WHAT YOU WILL DO: Give back an exact copy of the listing that follows, without the pictures.

*** Opening RECORDS FOR THE EXERCISE ***

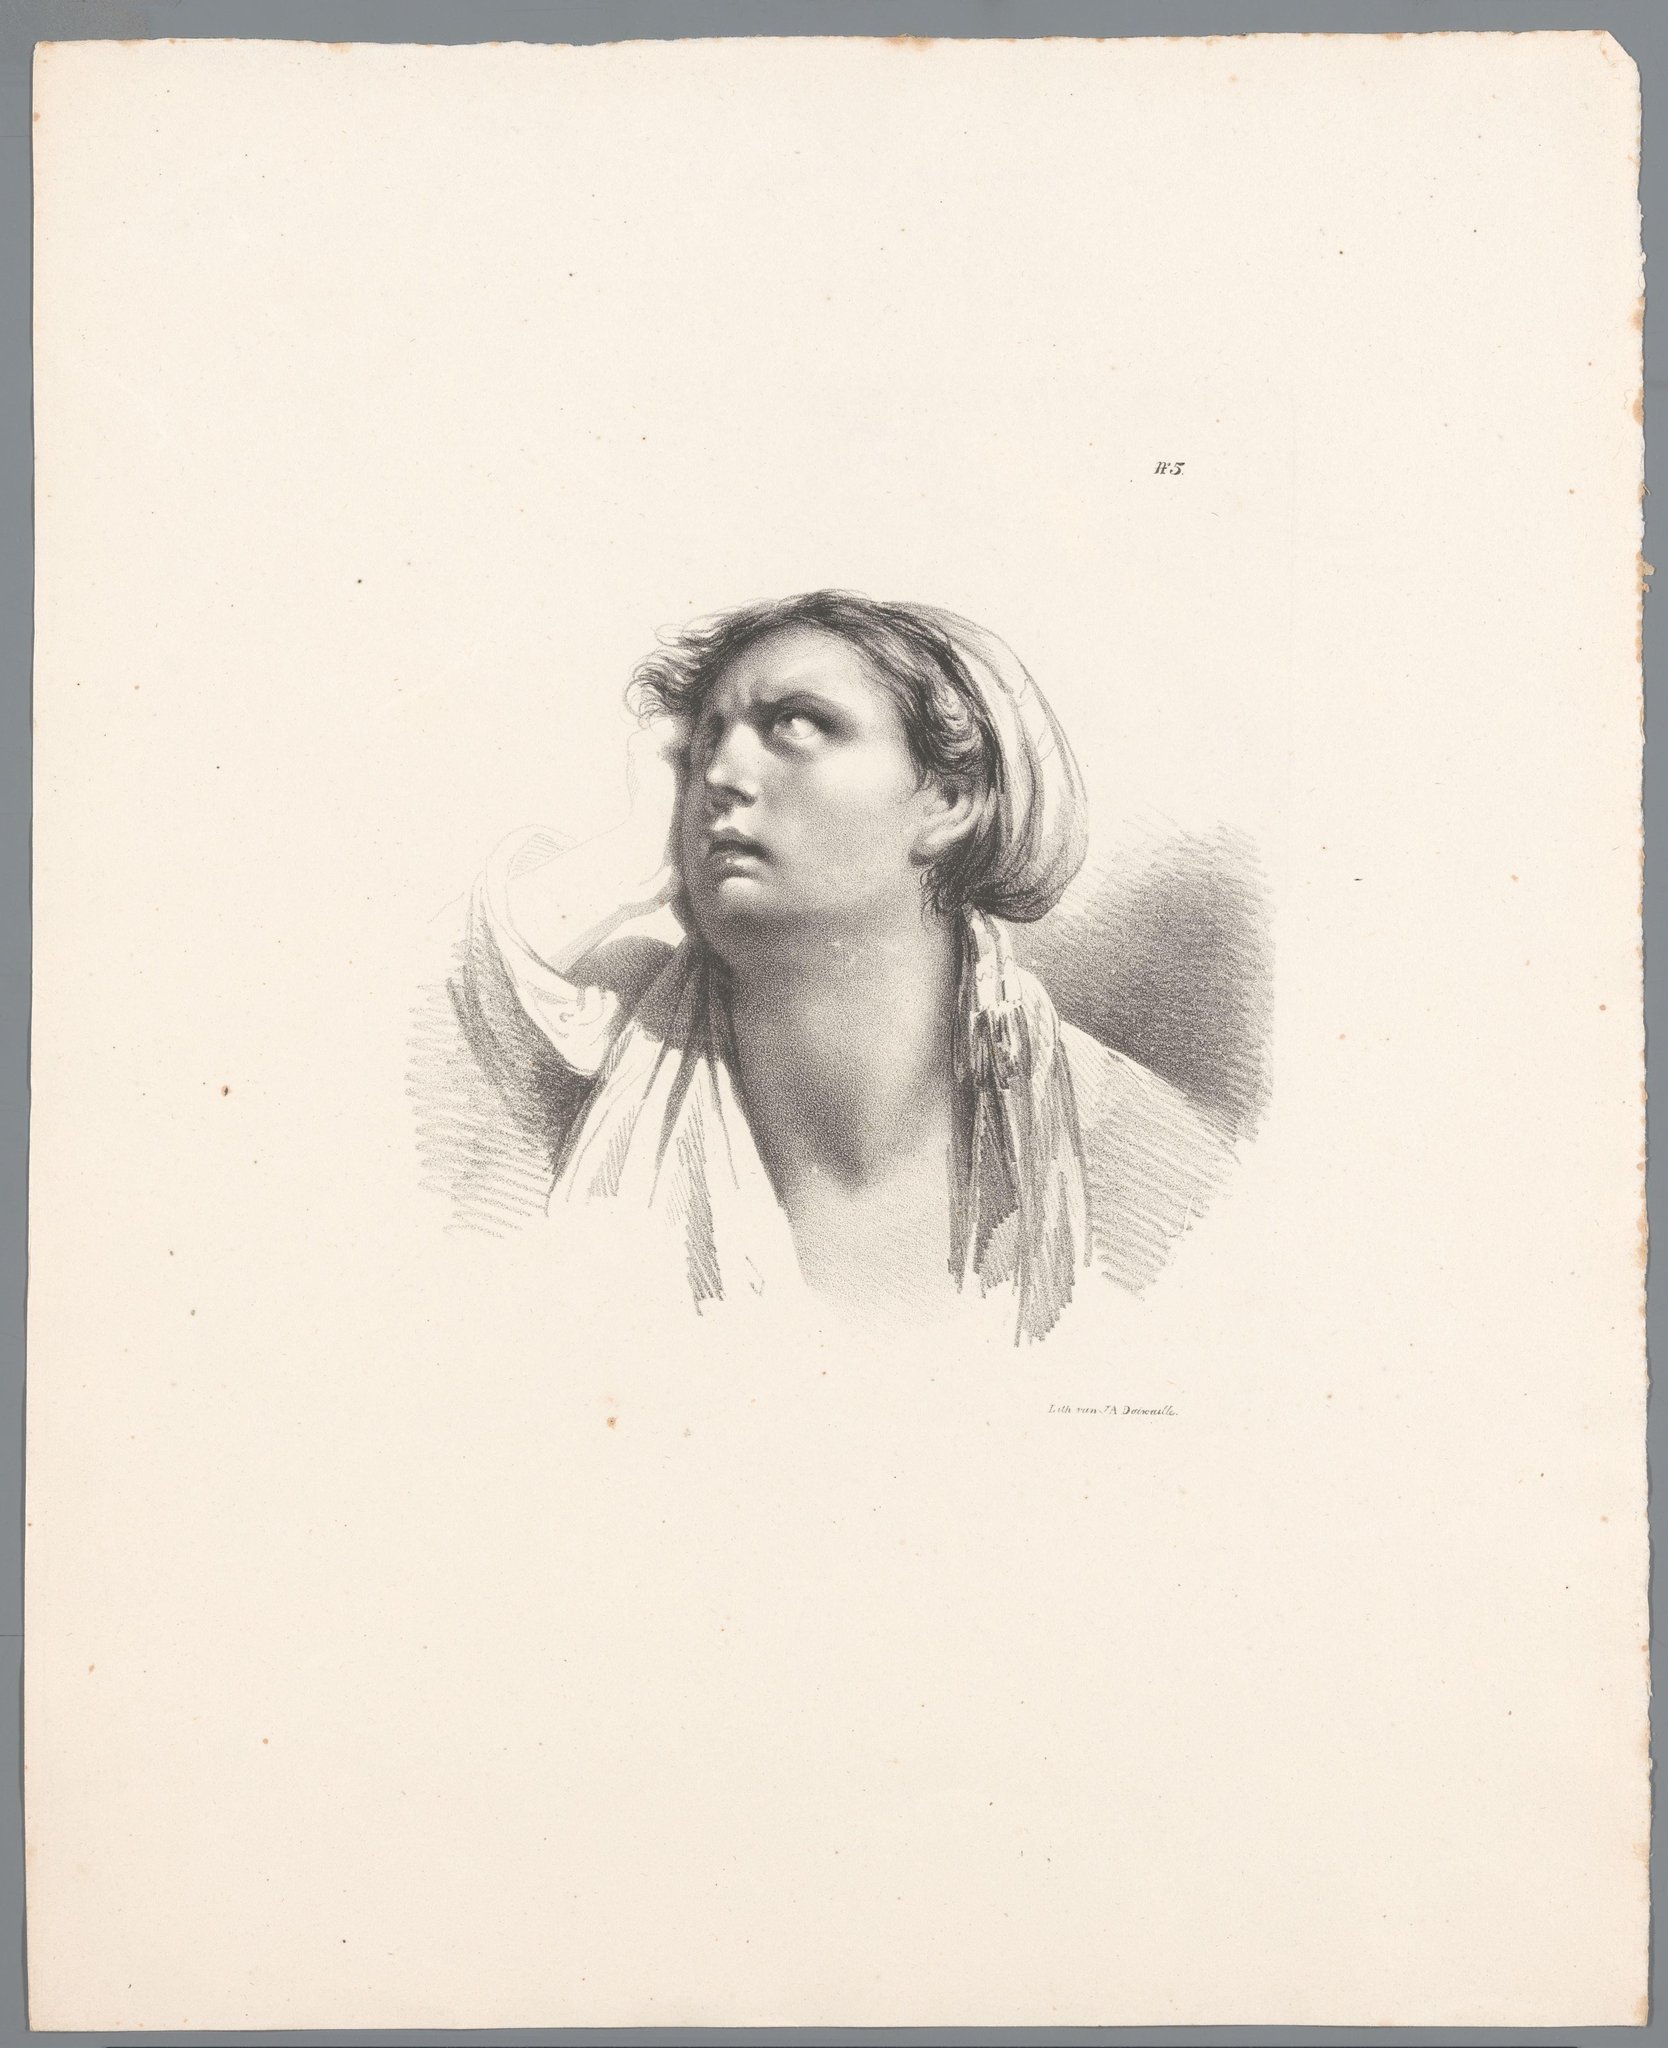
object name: print
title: Hartstochten na J.B. Greuze Nummer Twee
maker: jean augustin daiwaille
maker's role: draughtsman, print maker, printer
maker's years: 1786-1850
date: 1820-1830
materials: paper
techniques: lithograph
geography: amsterdam
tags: head-gear (with name), adult woman (+ relations with aggressive, hostile character (expressive connotations))
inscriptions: collector's mark: Lugt 2228
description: 'Hartstochten na J.B. Greuze' bestaat uit twee of drie genummerde reeksen. (Sommige nummers komen drie keer voor op drie verschillende afbeeldingen.) Binnen deze omslag bevinden zich achttien verschillende afbeeldingen. Mogelijk heeft dit te maken met de twee momenten waarop Daiwaille de reeks uitgaf, ten tijden van zijn directeurschap aan de Rijksakademie in Amsterdam en daarna als zelfstandige. De omslag behoort waarschijnlijk bij een van deze twee series. Zie Marres-Schretlen in het Bulletin van het Rijksmuseum.
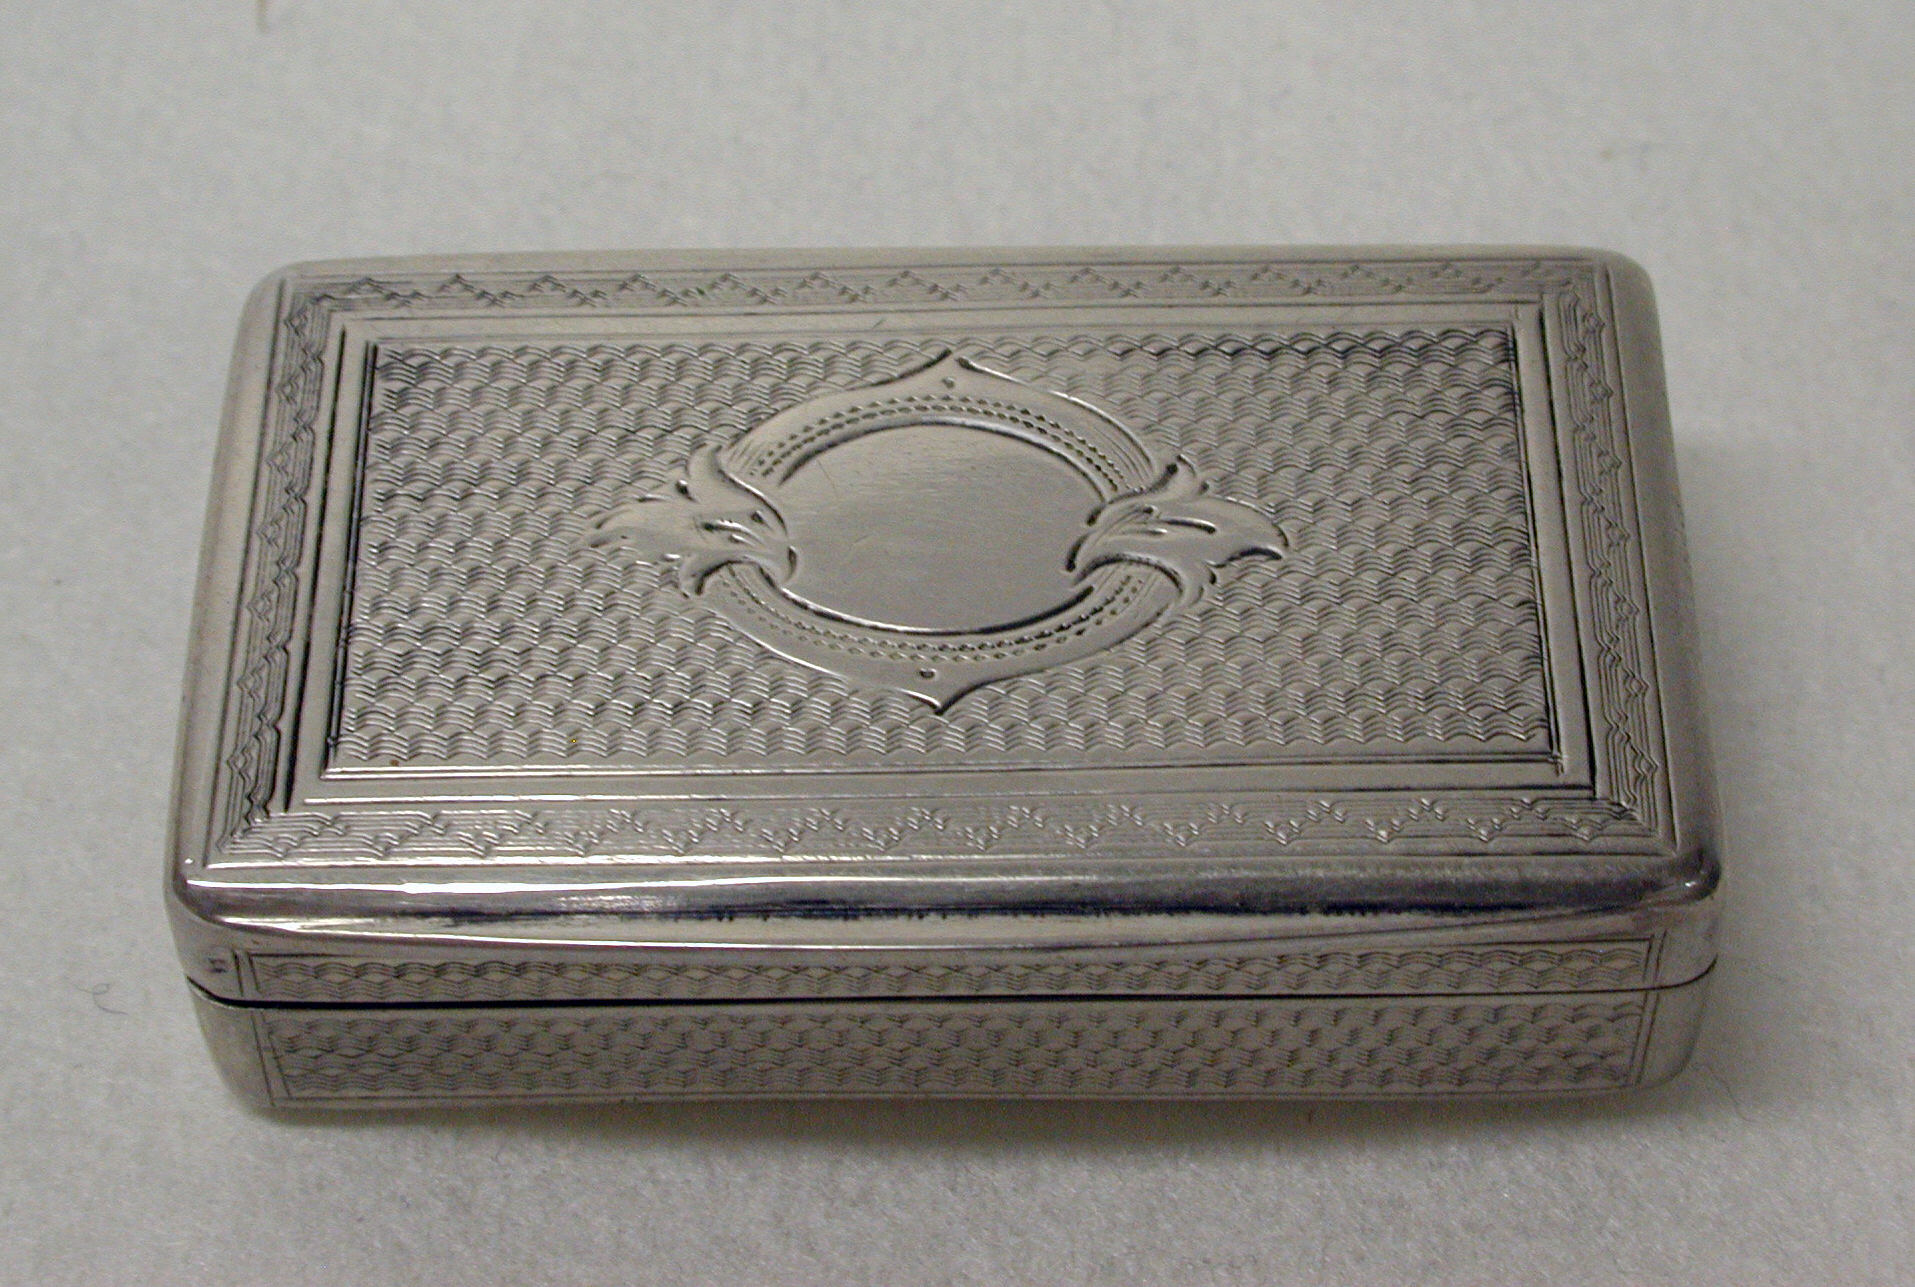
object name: snuffbox
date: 1834-1866
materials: silver

*** Closing RECORDS FOR THE EXERCISE ***

FINAL ANSWER:
object name: print
title: Hartstochten na J.B. Greuze Nummer Twee
maker: jean augustin daiwaille
maker's role: draughtsman, print maker, printer
maker's years: 1786-1850
date: 1820-1830
materials: paper
techniques: lithograph
geography: amsterdam
tags: head-gear (with name), adult woman (+ relations with aggressive, hostile character (expressive connotations))
inscriptions: collector's mark: Lugt 2228
description: 'Hartstochten na J.B. Greuze' bestaat uit twee of drie genummerde reeksen. (Sommige nummers komen drie keer voor op drie verschillende afbeeldingen.) Binnen deze omslag bevinden zich achttien verschillende afbeeldingen. Mogelijk heeft dit te maken met de twee momenten waarop Daiwaille de reeks uitgaf, ten tijden van zijn directeurschap aan de Rijksakademie in Amsterdam en daarna als zelfstandige. De omslag behoort waarschijnlijk bij een van deze twee series. Zie Marres-Schretlen in het Bulletin van het Rijksmuseum.
object name: snuffbox
date: 1834-1866
materials: silver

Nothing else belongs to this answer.